What is a chart in parsing?

A chart is a table that stores every partial constituent found over each span of the sentence, so that shared substructures are computed once and reused, giving polynomial-time parsing.

Constituency and Context-Free Parsing

Computing the phrase-structure tree of a sentence using context-free grammars, dynamic-programming algorithms like CKY and Earley, and probabilistic grammars that resolve ambiguity.

Definition

Constituency parsing assigns a nested phrase-structure tree to a sentence according to a context-free grammar, typically selecting the most probable tree under a probabilistic grammar.

Scope

Covers parsing with context-free grammars: the CKY and Earley algorithms, Chomsky normal form, probabilistic context-free grammars and their lexicalized refinements, and treebank-trained statistical parsers. It addresses ambiguity resolution and parser evaluation. Dependency representations and non-context-free formalisms are treated in sibling topics.

Core questions

How does the CKY algorithm parse a sentence in cubic time?
Why must grammars often be converted to Chomsky normal form first?
How do probabilistic and lexicalized grammars improve disambiguation?
How is parser accuracy measured against a treebank?

Key concepts

context-free grammar
CKY algorithm
Earley algorithm
Chomsky normal form
probabilistic context-free grammar
lexicalization
parse tree
treebank

Key theories

Dynamic-programming parsing: The CKY and Earley algorithms compute all parses in polynomial time by filling a chart of subconstituents, avoiding the exponential blowup of naive search.
Lexicalized probabilistic parsing: Conditioning rule probabilities on head words substantially improves parsing accuracy by capturing lexical preferences absent from plain PCFGs.

History

The CKY algorithm (1960s) and Earley's 1970 algorithm gave efficient context-free recognition.
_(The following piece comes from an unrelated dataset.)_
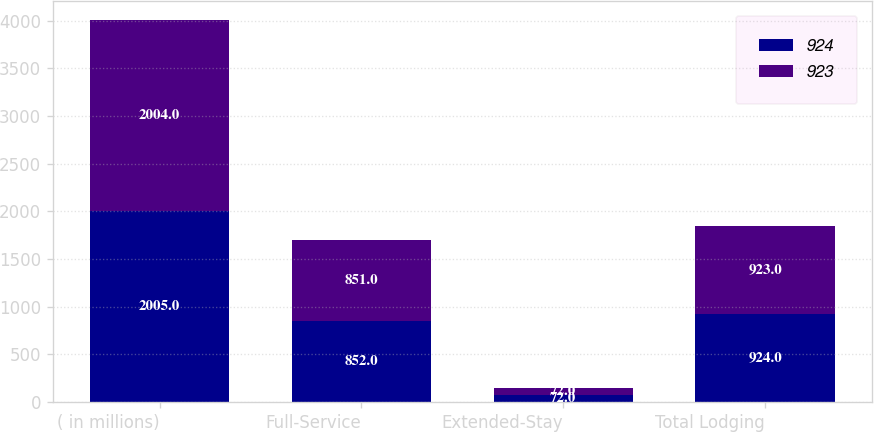Convert chart. <chart><loc_0><loc_0><loc_500><loc_500><stacked_bar_chart><ecel><fcel>( in millions)<fcel>Full-Service<fcel>Extended-Stay<fcel>Total Lodging<nl><fcel>924<fcel>2005<fcel>852<fcel>72<fcel>924<nl><fcel>923<fcel>2004<fcel>851<fcel>72<fcel>923<nl></chart>

With the Penn Treebank, probabilistic and then lexicalized parsers from Collins and Charniak achieved high accuracy in the late 1990s, defining the statistical parsing era before neural models.

Debates

How much lexicalization is needed?: Lexicalized parsers are accurate but sparse; debate concerned whether unlexicalized PCFGs with careful state-splitting could match them, which later work showed was partly possible.

Key figures

Jay Earley
Michael Collins
Eugene Charniak

Seminal works

earley1970
collins2003

Frequently asked questions

What is a chart in parsing?: A chart is a table that stores every partial constituent found over each span of the sentence, so that shared substructures are computed once and reused, giving polynomial-time parsing.